In the example above, you can see that the output and error file names have special placeholders %A and %a. For each array tasks, they will be replaced with job ID and array task ID respectively.

Warning

Please make sure that each array task writes to its own unique set of files. For example, you can add SLURM_ARRAY_TASK_ID as a file name suffix or append it to the output directory name.

Below is a sample script that runs a parameter sweep with a hypothetical application. It iterates over two parameters: alpha and gamma. The first parameter takes values from 0 to 6 with a step of 2 (i.e., 0, 2, 4, 6). If a step of 1 is desired, the step value can be omitted; e.g., {0..10}. The second parameter can take values 'Aa', 'Bb', or 'Cc'. In total, there are 4 * 3 = 12 parameter combinations. So, the value for the --array parameter should be 0-11.

The nested loops generate two arrays that allow reconstruction of all parameter combinations. In this case, alphaArr contains 0 0 0 2 2 2 4... while gammaArr has Aa Bb Cc Aa Bb Cc Aa.... Later, $SLURM_ARRAY_TASK_ID is used to retrieve a particular combination. The array indices start with 0. Thus, when the $SLURM_ARRAY_TASK_ID variable is 2, for example, alpha is set to 0 and gamma takes the value Cc, which are subsequently passed to the myapp application.

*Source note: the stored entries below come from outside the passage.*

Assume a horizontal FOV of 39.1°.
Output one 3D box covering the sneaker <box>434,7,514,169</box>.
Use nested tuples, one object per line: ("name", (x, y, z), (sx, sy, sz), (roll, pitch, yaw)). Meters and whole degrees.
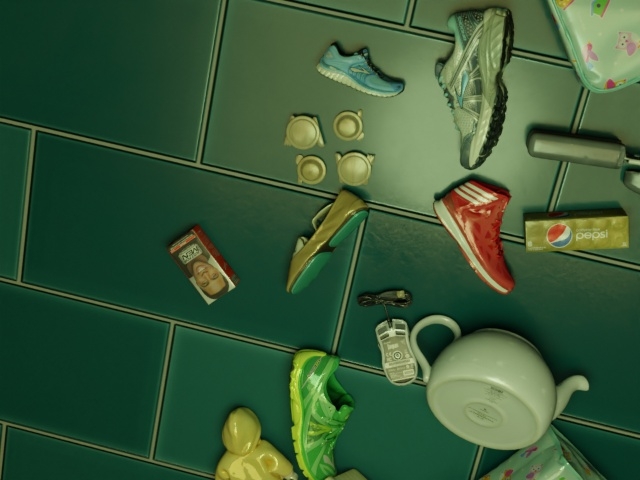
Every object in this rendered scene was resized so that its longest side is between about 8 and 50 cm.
("sneaker", (0.263, -0.267, 1.587), (0.122, 0.110, 0.283), (12, 106, 24))

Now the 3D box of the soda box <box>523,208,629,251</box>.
("soda box", (0.463, -0.019, 1.639), (0.181, 0.058, 0.061), (-3, 106, 9))

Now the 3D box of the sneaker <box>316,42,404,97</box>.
("sneaker", (0.077, -0.304, 1.609), (0.162, 0.063, 0.073), (22, 105, 1))

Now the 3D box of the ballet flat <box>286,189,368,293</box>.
("ballet flat", (0.000, 0.000, 1.719), (0.232, 0.080, 0.073), (-49, 67, 16))

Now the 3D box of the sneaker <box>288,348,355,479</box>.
("sneaker", (0.008, 0.360, 1.796), (0.124, 0.109, 0.295), (-3, 107, 10))

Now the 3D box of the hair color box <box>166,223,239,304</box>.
("hair color box", (-0.230, 0.047, 1.771), (0.072, 0.043, 0.141), (-34, 100, 15))

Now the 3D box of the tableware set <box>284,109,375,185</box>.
("tableware set", (0.016, -0.169, 1.682), (0.169, 0.020, 0.141), (-2, 108, 8))

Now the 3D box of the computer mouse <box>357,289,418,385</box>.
("computer mouse", (0.141, 0.189, 1.762), (0.106, 0.042, 0.193), (-11, 99, 7))

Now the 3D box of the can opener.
("can opener", (0.504, -0.131, 1.591), (0.283, 0.076, 0.095), (9, 107, 7))

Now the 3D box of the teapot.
("teapot", (0.324, 0.251, 1.684), (0.252, 0.187, 0.256), (-15, 124, 40))

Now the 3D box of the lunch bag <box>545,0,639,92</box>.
("lunch bag", (0.495, -0.402, 1.492), (0.224, 0.108, 0.279), (-21, 102, 14))

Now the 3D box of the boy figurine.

The output file is saved to the results directory. To make the output file unique, both parameter values are added to its name. For example, when $SLURM_ARRAY_TASK_ID is 2, the output path will be results/output_a0_gCc.txt. Note the use of curly braces (e.g., {}) around the variable names. Since variable names can contain an underscore, without the braces bash would identify the first variable as $alpha_g. The curly braces around gamma are technically redundant but they can help to prevent a potential bug if another variable is added to the file name.

The back slash (i.e., \) is a line continuation character. There must be no spaces after back slashes.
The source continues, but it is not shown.